# SCHOOL...UGhh



## rage1 (Jun 29, 2006)

who sneaks on here during school ? i hate school so i find a way to pass time


----------



## ohiobuckboy65 (Sep 27, 2010)

what do you think im doin right now


----------



## Hunter2678 (Jan 16, 2008)

We had dial up when I was in school....this place didnt yet exist...

You kids got it easy ...


----------



## Questie (Feb 7, 2010)

ohiobuckboy65 said:


> what do you think im doin right now



Same.


----------



## huntingfishing (Aug 16, 2010)

there is already a thread on this and i am updating this for school, ag class, lol


----------



## outdoorsman193 (Nov 20, 2008)

Everyday.


----------



## chasin feathers (Sep 10, 2010)

as much as i can when the teachers not looking


----------



## CamoRoss (May 4, 2010)

Same here.
Smart phones are the best. College wouldn't be the same without ArcheryTalk!


----------



## SCBOWHUNTER903 (Jan 28, 2010)

CamoRoss said:


> Same here.
> Smart phones are the best. College wouldn't be the same without ArcheryTalk!
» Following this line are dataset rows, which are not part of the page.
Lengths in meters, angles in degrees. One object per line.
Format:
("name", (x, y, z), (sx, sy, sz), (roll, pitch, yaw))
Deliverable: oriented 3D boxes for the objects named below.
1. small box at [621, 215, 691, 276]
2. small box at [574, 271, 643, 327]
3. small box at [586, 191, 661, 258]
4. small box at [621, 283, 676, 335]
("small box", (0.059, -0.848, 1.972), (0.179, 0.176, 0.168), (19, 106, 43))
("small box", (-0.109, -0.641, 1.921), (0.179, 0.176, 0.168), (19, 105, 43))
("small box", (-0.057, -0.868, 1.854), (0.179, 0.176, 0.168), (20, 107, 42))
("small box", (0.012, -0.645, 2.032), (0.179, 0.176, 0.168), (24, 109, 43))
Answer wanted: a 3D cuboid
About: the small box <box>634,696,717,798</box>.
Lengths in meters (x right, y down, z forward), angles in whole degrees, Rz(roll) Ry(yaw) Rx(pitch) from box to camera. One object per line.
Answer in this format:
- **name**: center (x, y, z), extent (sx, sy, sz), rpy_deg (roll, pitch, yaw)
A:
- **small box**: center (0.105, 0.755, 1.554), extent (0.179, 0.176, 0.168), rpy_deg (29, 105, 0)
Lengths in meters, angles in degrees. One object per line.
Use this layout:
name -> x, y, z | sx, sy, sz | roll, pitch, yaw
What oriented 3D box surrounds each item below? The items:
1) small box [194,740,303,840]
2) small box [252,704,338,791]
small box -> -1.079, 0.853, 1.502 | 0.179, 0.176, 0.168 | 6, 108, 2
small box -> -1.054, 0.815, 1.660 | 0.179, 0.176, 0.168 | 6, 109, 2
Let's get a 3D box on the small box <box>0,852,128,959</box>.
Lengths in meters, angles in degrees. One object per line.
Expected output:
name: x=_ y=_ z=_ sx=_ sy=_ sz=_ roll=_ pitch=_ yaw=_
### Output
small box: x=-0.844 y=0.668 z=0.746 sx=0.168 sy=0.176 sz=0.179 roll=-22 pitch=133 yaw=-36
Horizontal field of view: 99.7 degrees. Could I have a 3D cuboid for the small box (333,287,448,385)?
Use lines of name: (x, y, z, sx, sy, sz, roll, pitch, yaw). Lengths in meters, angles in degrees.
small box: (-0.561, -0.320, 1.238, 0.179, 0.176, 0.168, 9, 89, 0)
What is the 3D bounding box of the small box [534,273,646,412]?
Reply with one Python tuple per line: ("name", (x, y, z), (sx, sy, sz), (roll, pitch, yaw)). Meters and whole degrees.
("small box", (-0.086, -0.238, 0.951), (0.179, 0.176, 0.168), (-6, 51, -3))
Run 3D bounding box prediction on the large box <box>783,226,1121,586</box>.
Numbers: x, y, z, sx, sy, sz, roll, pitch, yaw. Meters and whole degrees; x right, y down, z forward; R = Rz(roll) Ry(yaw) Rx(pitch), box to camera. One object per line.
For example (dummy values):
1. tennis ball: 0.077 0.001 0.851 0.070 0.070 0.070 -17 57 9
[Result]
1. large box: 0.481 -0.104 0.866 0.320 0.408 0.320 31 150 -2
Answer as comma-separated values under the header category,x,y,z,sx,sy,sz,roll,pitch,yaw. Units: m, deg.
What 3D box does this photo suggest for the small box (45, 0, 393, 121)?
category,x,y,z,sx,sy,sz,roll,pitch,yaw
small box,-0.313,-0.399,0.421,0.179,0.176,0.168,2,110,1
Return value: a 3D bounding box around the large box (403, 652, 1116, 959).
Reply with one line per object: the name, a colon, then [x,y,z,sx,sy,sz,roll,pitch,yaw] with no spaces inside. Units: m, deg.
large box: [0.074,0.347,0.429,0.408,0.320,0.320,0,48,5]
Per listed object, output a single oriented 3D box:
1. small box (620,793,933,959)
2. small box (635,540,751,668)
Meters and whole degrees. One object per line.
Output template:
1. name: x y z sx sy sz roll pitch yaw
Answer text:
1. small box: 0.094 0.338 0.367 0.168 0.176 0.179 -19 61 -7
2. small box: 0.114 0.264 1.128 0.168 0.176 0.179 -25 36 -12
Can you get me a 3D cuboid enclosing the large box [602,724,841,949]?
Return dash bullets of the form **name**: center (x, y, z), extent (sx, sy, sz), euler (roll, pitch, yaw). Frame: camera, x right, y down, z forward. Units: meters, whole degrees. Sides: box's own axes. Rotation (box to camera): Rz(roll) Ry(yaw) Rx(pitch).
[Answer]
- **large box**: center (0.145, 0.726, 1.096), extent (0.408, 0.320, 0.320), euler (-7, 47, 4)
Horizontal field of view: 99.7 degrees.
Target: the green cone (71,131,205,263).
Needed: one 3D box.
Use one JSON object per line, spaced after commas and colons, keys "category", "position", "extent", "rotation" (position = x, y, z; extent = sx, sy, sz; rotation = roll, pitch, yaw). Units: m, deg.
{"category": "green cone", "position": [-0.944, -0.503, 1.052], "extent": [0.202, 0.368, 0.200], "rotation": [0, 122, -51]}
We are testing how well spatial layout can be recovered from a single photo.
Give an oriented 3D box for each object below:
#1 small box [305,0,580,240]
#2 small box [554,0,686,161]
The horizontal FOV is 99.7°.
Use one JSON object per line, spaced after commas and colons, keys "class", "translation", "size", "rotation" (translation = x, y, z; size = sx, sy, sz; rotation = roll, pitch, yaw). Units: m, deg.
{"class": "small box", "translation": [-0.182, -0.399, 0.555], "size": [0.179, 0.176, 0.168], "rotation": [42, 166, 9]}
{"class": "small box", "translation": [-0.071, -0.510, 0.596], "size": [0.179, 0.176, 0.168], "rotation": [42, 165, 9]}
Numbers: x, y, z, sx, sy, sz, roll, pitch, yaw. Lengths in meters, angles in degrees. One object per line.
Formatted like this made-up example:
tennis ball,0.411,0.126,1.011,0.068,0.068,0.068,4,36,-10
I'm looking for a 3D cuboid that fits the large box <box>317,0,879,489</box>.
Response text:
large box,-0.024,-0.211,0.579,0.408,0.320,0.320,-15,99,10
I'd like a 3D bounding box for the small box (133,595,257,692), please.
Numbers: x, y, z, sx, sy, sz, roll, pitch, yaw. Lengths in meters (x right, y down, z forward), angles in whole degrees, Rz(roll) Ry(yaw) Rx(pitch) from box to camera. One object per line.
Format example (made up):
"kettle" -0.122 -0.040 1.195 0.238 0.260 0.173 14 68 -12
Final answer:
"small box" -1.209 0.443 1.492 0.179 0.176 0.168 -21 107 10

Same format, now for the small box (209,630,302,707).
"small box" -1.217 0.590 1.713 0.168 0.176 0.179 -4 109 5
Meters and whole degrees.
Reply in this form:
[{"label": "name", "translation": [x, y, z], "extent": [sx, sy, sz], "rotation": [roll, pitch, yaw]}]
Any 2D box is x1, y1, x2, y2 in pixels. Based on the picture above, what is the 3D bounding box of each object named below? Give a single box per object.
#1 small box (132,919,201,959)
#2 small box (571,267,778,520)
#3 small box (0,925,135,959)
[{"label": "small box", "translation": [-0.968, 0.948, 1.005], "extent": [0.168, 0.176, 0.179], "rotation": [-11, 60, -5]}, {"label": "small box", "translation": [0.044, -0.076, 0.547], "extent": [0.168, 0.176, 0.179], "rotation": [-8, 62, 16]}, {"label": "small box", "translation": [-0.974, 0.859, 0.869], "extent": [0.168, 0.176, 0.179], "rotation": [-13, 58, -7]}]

thats true but i just use my labtop when i dont have much service on my phone


----------



## arhoythunter (Aug 3, 2010)

IM OUT TODAY, and signal sucks at my school


----------



## skulzhead (Aug 4, 2010)

its blocked at our school


----------



## s4 shooter (Aug 15, 2008)

i try to gt on as much as possible 
depending on where the teacher is standing and where my computer is


----------



## camofreak (Jun 18, 2009)

skulzhead said:


> its blocked at our school


Yea same here, it sucks..


----------



## hoytarcherygal (Sep 13, 2010)

im on everyday!! Its not blocked! Kinda surprised lol


----------



## 12-RING SHOOTER (Jul 27, 2010)

I figured out a way to get around the school's firewall, and the the blocks for ALL the websites


----------



## hoytarcherygal (Sep 13, 2010)

hahah way to be sneaky 12 ring! lol


----------



## Ignition kid (Oct 7, 2008)

luckily I am homeschooled now and after I do Bible I go on here for a little and then finish my school 4 the day. When I did go to private school I never sneaked on but I did go on here when I could as much as possible.


----------



## sawtoothscream (Apr 19, 2008)

yup. i have a hr break between physics and math so i jump on. hate college.


----------



## countryboy173 (Jul 18, 2008)

12-RING SHOOTER said:


> I figured out a way to get around the school's firewall, and the the blocks for ALL the websites


Proxy server?


----------